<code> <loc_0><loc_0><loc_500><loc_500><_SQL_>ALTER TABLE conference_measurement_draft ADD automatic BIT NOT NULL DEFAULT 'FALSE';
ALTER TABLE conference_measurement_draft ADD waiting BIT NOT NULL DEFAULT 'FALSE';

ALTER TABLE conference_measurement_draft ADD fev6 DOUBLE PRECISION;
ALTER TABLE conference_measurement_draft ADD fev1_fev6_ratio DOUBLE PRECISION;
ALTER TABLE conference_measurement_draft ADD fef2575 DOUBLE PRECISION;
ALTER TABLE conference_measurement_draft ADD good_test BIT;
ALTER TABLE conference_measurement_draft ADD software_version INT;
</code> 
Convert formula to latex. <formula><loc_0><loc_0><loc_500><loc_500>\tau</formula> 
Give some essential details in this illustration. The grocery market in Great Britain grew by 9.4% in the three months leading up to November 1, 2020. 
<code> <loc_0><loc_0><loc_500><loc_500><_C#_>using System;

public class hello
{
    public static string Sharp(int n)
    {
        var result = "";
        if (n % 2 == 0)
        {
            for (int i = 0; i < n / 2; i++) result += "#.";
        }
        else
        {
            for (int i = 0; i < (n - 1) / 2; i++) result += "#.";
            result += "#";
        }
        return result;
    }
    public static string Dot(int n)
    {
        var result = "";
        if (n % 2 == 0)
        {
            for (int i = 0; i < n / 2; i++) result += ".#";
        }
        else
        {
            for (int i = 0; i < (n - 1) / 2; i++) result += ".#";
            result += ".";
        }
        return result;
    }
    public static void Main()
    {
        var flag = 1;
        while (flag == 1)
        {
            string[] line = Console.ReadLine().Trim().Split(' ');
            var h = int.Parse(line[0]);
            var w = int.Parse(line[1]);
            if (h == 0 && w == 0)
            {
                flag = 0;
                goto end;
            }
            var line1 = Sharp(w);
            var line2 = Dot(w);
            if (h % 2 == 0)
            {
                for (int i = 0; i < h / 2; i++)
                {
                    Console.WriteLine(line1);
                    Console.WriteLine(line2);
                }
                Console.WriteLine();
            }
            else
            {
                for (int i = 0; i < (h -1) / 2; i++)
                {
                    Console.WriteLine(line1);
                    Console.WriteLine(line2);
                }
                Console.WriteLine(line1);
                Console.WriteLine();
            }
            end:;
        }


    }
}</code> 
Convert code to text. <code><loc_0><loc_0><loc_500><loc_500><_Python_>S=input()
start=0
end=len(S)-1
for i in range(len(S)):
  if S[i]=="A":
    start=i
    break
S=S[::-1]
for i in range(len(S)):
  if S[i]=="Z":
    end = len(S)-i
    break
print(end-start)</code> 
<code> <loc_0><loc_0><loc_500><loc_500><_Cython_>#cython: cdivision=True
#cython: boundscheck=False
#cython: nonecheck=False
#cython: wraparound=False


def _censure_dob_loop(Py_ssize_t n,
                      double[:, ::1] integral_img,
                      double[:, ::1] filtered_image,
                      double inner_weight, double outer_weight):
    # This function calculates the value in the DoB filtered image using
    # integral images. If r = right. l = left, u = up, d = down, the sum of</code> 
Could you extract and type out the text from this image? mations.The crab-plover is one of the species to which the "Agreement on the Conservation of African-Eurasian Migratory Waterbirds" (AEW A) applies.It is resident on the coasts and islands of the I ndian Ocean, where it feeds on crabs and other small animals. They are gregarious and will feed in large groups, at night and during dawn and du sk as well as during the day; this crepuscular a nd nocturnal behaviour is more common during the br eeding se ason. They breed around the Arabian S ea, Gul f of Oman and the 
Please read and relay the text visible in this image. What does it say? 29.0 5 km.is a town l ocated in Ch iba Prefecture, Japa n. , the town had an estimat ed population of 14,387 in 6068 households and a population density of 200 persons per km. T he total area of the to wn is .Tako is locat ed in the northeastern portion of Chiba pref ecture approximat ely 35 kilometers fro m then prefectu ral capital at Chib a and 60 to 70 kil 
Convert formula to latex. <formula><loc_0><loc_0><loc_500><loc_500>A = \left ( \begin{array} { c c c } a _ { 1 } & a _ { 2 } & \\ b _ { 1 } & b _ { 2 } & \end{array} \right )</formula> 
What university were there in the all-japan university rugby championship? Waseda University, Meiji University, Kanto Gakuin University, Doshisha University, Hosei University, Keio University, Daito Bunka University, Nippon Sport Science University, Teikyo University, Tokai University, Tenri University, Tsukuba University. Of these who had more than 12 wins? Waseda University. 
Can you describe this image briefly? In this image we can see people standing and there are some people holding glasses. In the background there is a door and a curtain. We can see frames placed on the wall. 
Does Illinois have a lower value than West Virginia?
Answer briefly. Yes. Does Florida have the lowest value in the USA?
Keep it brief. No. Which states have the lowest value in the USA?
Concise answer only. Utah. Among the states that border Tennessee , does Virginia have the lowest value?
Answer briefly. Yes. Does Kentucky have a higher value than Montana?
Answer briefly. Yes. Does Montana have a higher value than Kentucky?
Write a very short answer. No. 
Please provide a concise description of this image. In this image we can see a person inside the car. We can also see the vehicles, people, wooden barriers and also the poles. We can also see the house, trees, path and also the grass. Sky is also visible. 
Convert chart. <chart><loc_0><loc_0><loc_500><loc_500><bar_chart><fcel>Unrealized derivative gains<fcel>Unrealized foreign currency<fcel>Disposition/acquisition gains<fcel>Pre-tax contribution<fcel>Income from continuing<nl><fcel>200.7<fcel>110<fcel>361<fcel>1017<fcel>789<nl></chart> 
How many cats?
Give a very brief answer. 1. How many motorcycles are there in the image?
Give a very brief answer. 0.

━━━━━━━━━━━━━━━━━━━━

*TO DO*
Looking at the records above, say how many lines hold the string "Kentucky". Write nothing but the number.

*WRITTEN ANSWER*
2